The problem: Output only the lines from the one holding "return (int) nl;" to the end of the data below, please, copied exactly.

[Dataset excerpts]
<<<<
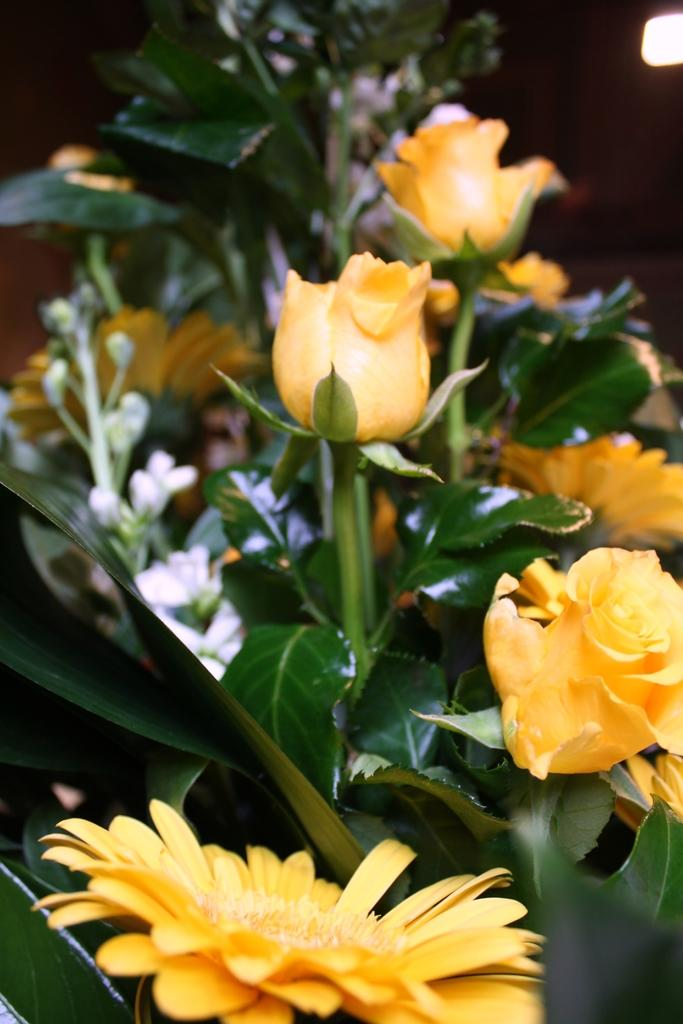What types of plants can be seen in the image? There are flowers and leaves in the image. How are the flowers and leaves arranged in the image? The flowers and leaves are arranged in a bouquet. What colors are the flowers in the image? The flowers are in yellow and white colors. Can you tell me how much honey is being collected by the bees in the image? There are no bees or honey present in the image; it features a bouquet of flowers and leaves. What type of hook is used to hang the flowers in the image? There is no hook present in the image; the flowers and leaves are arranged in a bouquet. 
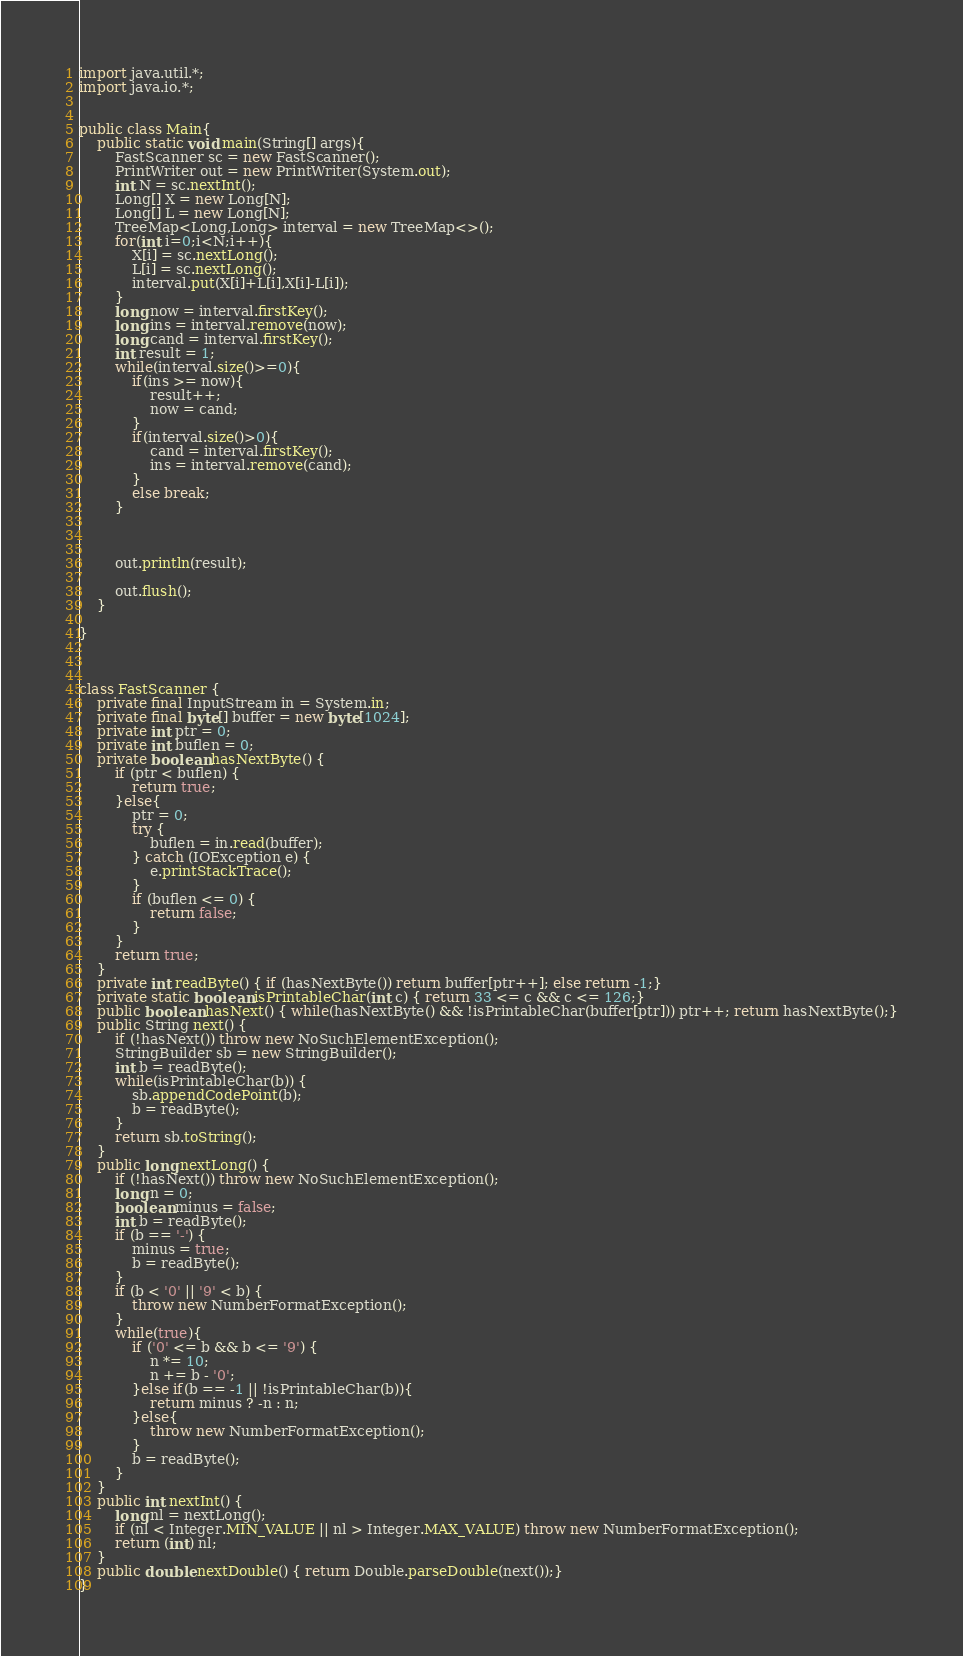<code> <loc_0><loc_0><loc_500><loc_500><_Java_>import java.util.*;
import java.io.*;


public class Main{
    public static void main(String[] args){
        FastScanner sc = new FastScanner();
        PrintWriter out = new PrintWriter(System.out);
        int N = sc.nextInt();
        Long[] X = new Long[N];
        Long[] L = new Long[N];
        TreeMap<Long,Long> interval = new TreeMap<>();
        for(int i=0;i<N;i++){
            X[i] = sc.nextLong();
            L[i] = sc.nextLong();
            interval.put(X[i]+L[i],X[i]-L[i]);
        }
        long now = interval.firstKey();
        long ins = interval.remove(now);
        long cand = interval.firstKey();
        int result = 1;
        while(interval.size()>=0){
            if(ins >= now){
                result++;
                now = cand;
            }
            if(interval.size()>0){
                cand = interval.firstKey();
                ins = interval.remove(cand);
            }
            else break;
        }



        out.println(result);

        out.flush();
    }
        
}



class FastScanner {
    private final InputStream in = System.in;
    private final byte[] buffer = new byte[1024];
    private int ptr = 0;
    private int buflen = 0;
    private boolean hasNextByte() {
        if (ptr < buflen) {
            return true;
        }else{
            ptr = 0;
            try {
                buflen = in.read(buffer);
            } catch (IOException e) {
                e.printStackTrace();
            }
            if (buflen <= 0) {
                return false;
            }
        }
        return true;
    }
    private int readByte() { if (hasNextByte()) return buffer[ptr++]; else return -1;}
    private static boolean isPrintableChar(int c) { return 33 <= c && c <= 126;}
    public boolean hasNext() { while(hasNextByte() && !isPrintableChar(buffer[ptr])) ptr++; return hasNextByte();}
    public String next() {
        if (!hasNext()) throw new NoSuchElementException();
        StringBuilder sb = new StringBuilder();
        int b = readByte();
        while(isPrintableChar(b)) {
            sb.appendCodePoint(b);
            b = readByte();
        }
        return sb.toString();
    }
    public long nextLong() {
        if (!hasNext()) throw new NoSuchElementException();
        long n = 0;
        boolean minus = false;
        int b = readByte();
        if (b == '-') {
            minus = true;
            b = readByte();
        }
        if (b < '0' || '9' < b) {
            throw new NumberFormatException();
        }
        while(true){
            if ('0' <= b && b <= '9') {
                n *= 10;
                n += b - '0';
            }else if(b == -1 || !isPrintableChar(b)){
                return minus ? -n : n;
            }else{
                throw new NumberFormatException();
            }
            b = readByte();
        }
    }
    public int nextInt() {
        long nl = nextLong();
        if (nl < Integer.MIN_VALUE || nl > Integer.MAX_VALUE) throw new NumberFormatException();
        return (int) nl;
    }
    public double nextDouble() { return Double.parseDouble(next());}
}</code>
>>>>
Task result:
        return (int) nl;
    }
    public double nextDouble() { return Double.parseDouble(next());}
}</code>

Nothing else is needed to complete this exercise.